Information-Driven Fault Detection and Identification for Multi-Agent Spacecraft Systems: Collaborative On-Orbit Inspection Mission
This addresses fault resilience for autonomous multi-spacecraft inspection in low Earth orbit, representing an incremental improvement in domain-specific fault detection methods.
The paper tackles fault detection and identification in multi-spacecraft systems for on-orbit inspection missions by developing a global-to-local framework that integrates sensor models and mission objectives into a cost functional, with simulation results showing reliable fault localization and classification under uncertainty.
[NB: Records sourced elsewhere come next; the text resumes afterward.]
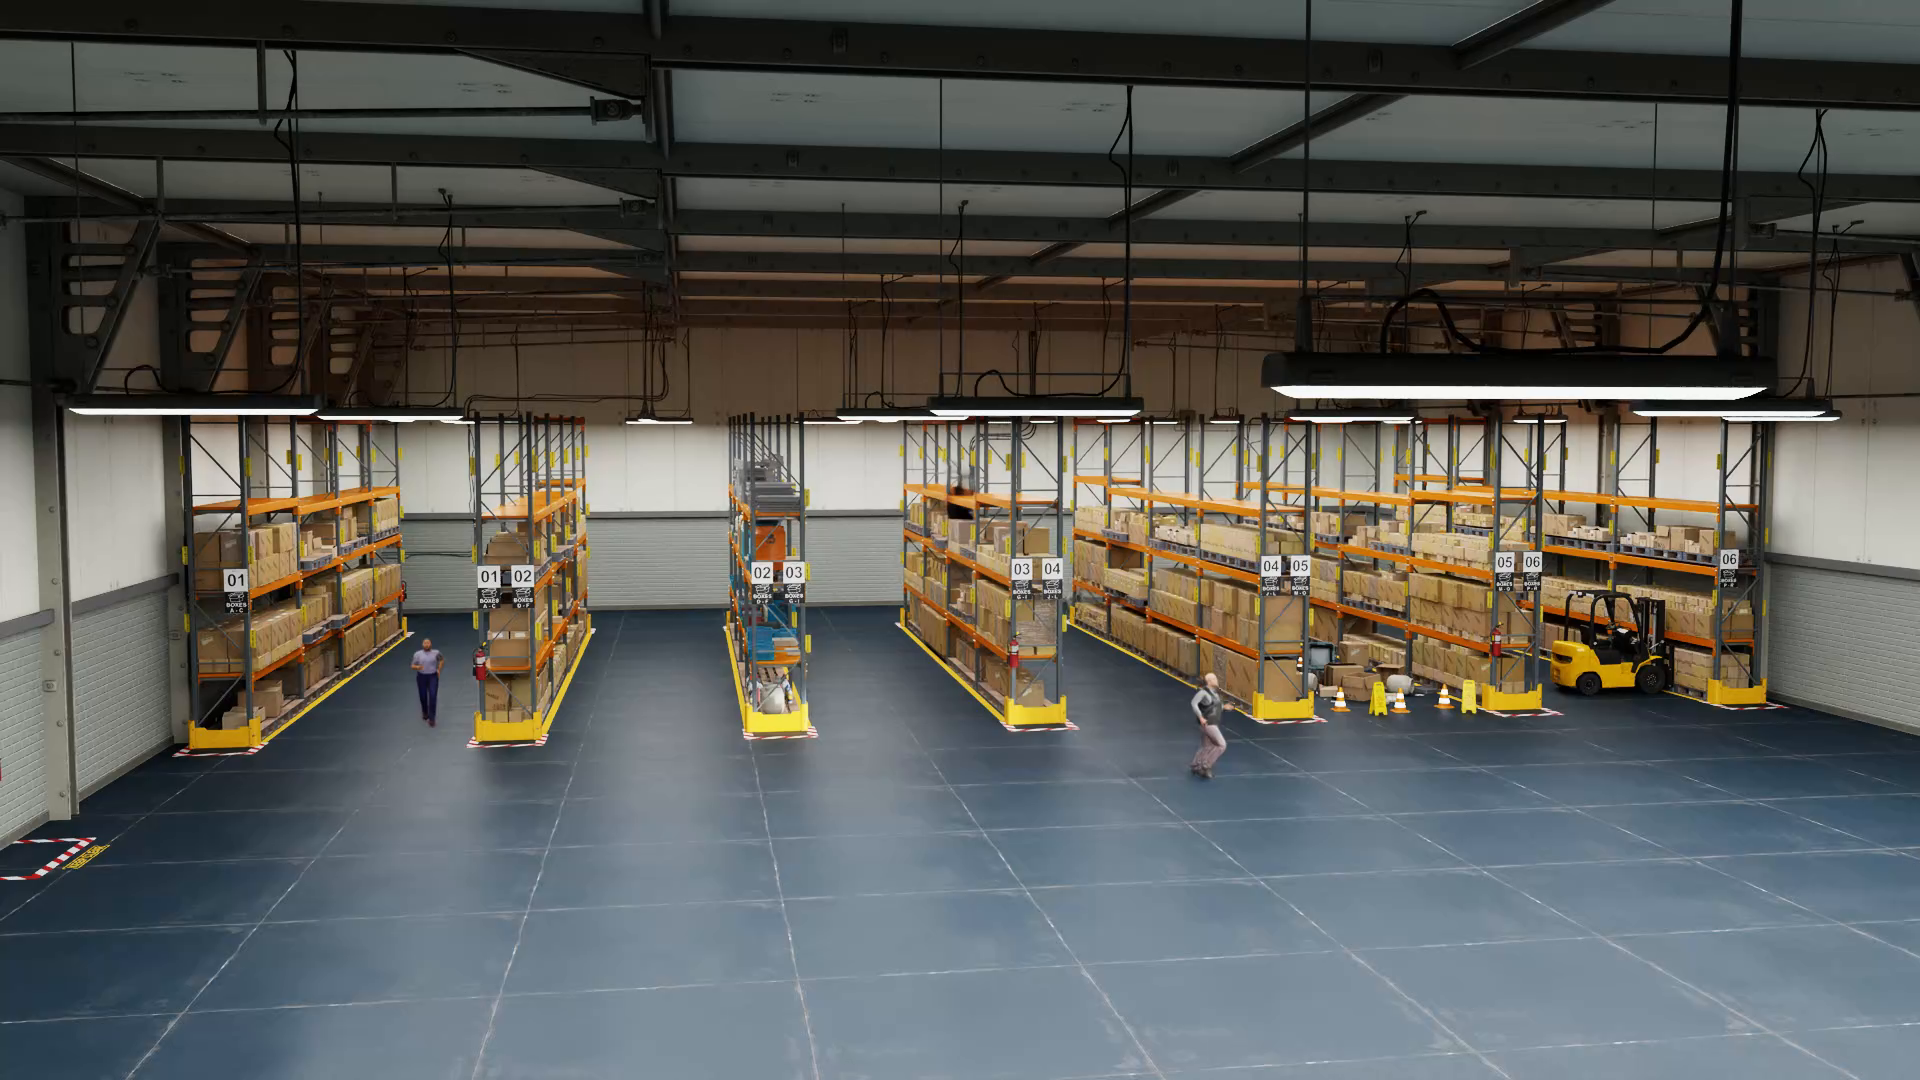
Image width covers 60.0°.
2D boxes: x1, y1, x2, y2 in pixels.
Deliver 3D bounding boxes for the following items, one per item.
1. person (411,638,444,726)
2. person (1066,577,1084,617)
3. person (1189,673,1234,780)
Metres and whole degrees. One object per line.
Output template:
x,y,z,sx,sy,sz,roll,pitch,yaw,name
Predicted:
-10.247,2.702,32.007,0.608,1.641,0.880,-1,4,-16,person
3.546,1.540,49.902,0.743,1.641,0.717,0,4,5,person
4.100,3.036,27.106,0.704,1.735,0.631,2,4,21,person
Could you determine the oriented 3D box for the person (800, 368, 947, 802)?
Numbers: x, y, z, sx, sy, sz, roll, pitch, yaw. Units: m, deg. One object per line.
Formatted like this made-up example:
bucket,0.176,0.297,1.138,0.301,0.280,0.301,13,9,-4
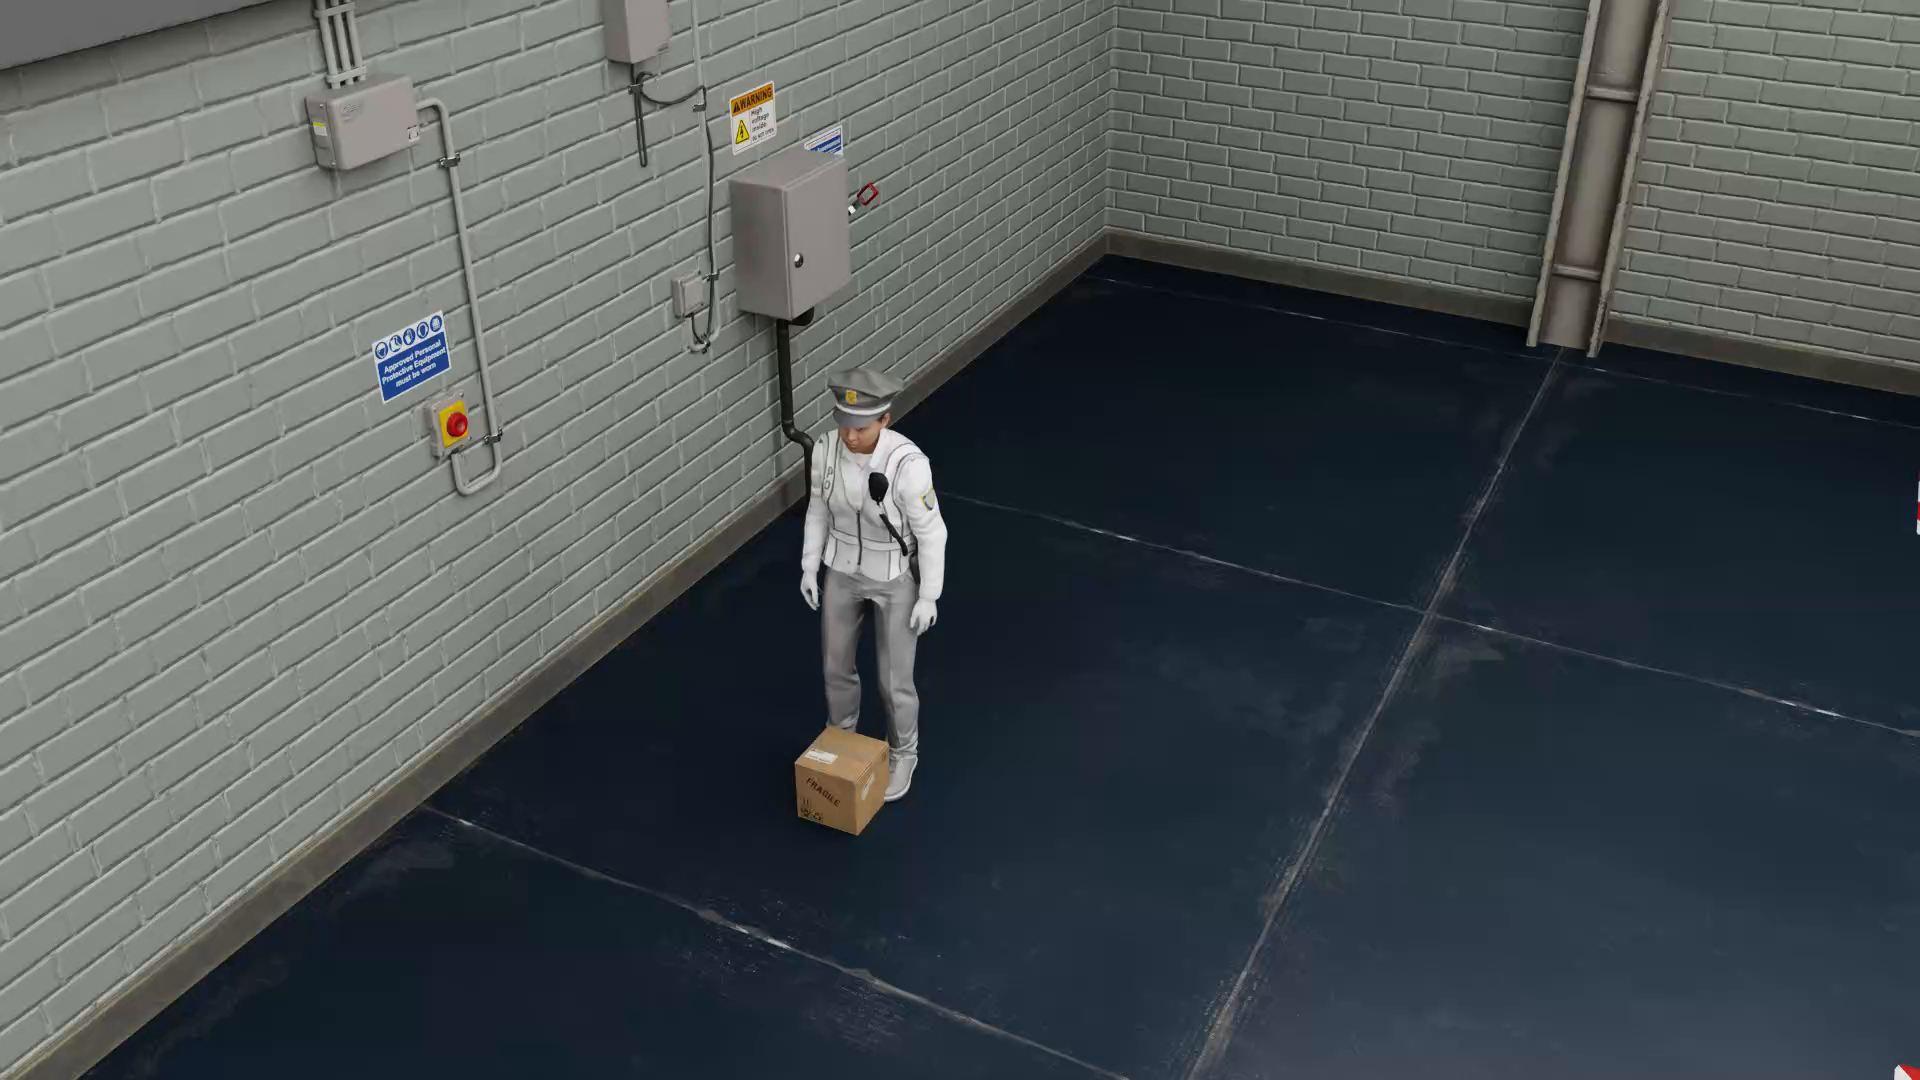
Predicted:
person,-0.314,0.151,5.864,0.547,1.666,0.371,13,33,21
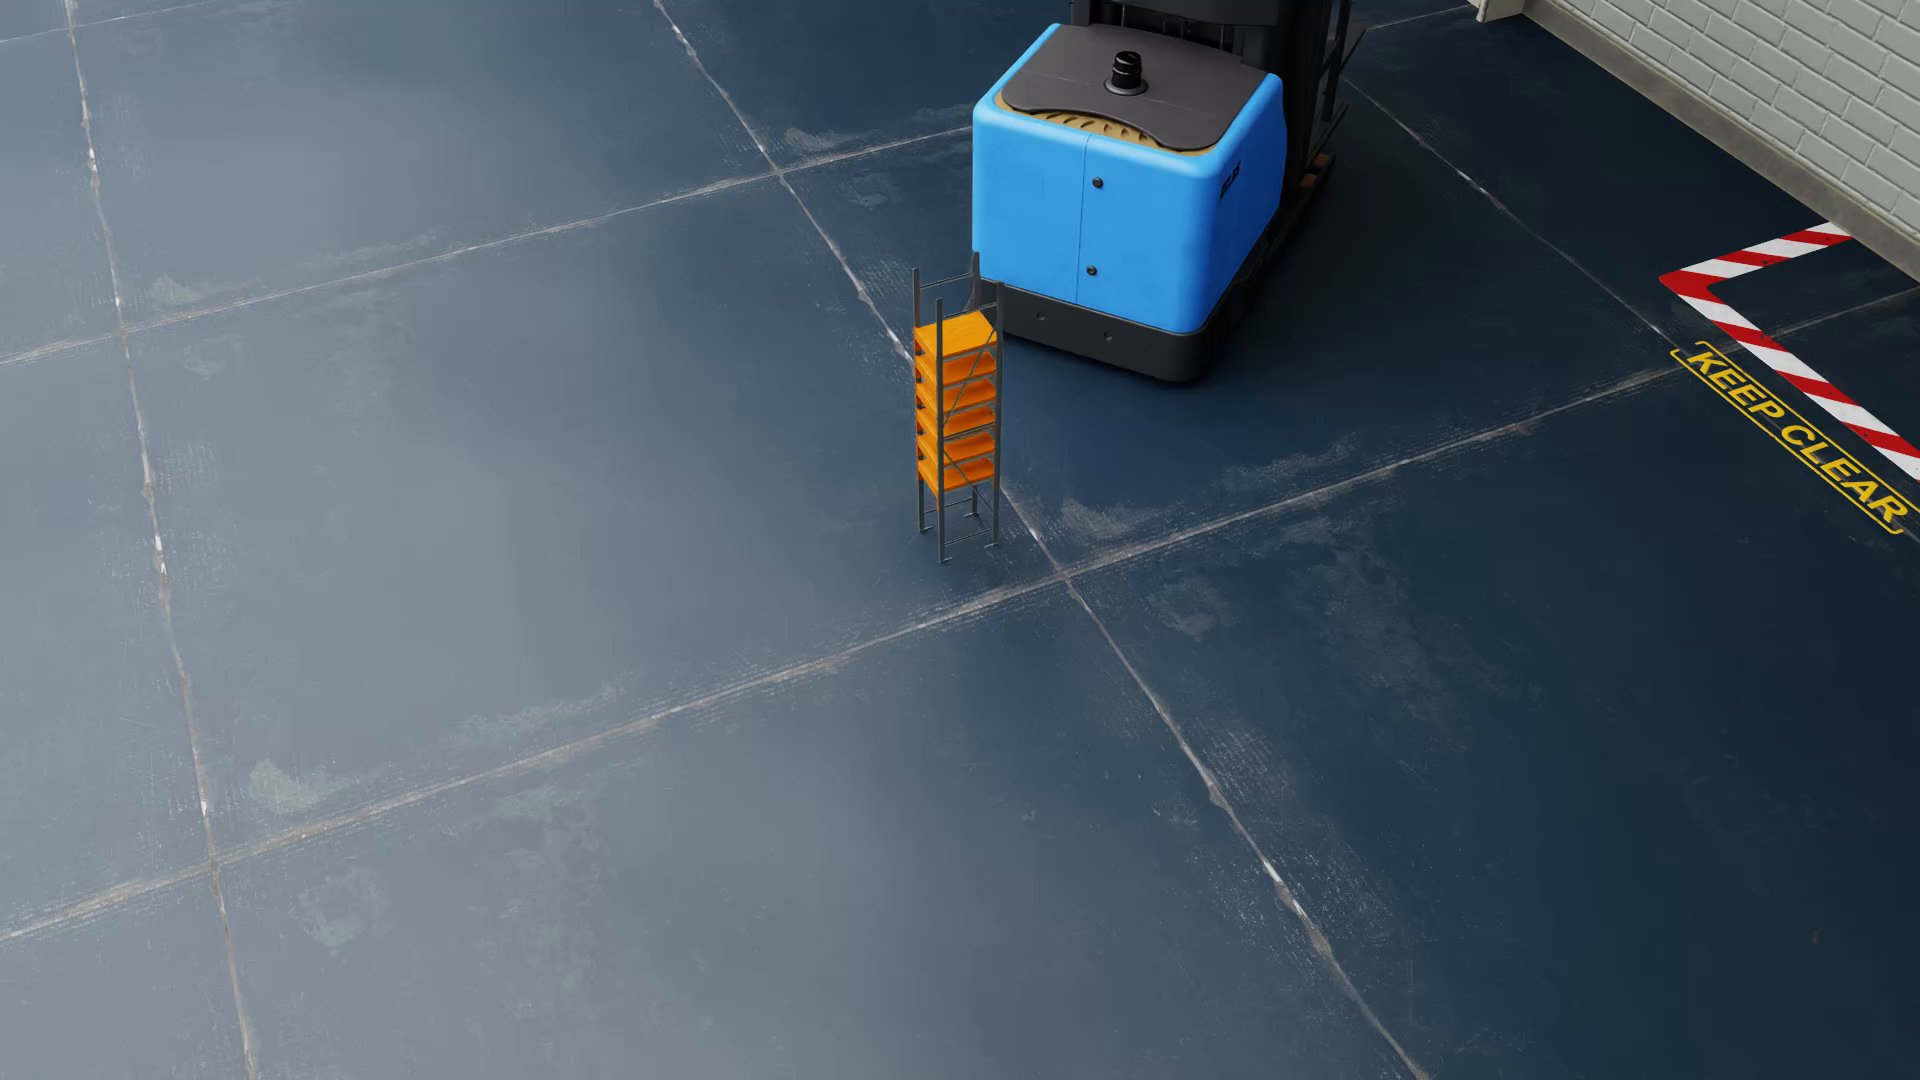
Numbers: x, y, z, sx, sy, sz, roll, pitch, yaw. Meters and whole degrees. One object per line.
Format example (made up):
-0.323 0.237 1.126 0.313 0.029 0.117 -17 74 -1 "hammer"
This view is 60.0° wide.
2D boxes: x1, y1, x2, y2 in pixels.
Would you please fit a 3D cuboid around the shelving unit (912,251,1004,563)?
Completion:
-0.006 -0.436 5.838 0.258 1.200 0.189 -18 47 -17 "shelving unit"

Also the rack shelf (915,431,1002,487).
-0.006 -0.319 5.953 0.258 0.103 0.180 -18 47 -17 "rack shelf"

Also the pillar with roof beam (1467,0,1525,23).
-0.986 -4.942 4.851 9.100 9.000 0.400 -18 47 -17 "pillar with roof beam"

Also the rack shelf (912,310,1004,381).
-0.006 -0.661 5.616 0.258 0.103 0.180 -18 47 -17 "rack shelf"

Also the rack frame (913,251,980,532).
-0.045 -0.495 5.897 0.240 1.200 0.006 -18 47 -17 "rack frame"

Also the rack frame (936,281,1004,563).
0.032 -0.378 5.779 0.240 1.200 0.006 -18 47 -17 "rack frame"

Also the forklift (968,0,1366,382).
1.140 -2.728 6.928 1.130 2.935 3.031 19 48 18 "forklift"

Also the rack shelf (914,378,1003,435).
-0.006 -0.490 5.785 0.258 0.103 0.180 -18 47 -17 "rack shelf"

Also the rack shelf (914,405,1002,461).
-0.006 -0.405 5.869 0.258 0.103 0.180 -18 47 -17 "rack shelf"

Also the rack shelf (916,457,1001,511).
-0.006 -0.234 6.038 0.258 0.103 0.180 -18 47 -17 "rack shelf"

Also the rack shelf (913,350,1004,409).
-0.006 -0.576 5.701 0.258 0.103 0.180 -18 47 -17 "rack shelf"

This work presents a global-to-local, task-aware fault detection and identification (FDI) framework for multi-spacecraft systems conducting collaborative inspection missions in low Earth orbit. The inspection task is represented by a global information-driven cost functional that integrates the sensor model, spacecraft poses, and mission-level information-gain objectives. This formulation links guidance, control, and FDI by using the same cost function to drive both global task allocation and local sensing or motion decisions. Fault detection is achieved through comparisons between expected and observed task metrics, while higher-order cost-gradient measures enable the identification of faults among sensors, actuators, and state estimators. An adaptive thresholding mechanism captures the time-varying inspection geometry and dynamic mission conditions. Simulation results for representative multi-spacecraft inspection scenarios demonstrate the reliability of fault localization and classification under uncertainty, providing a unified, information-driven foundation for resilient autonomous inspection architectures.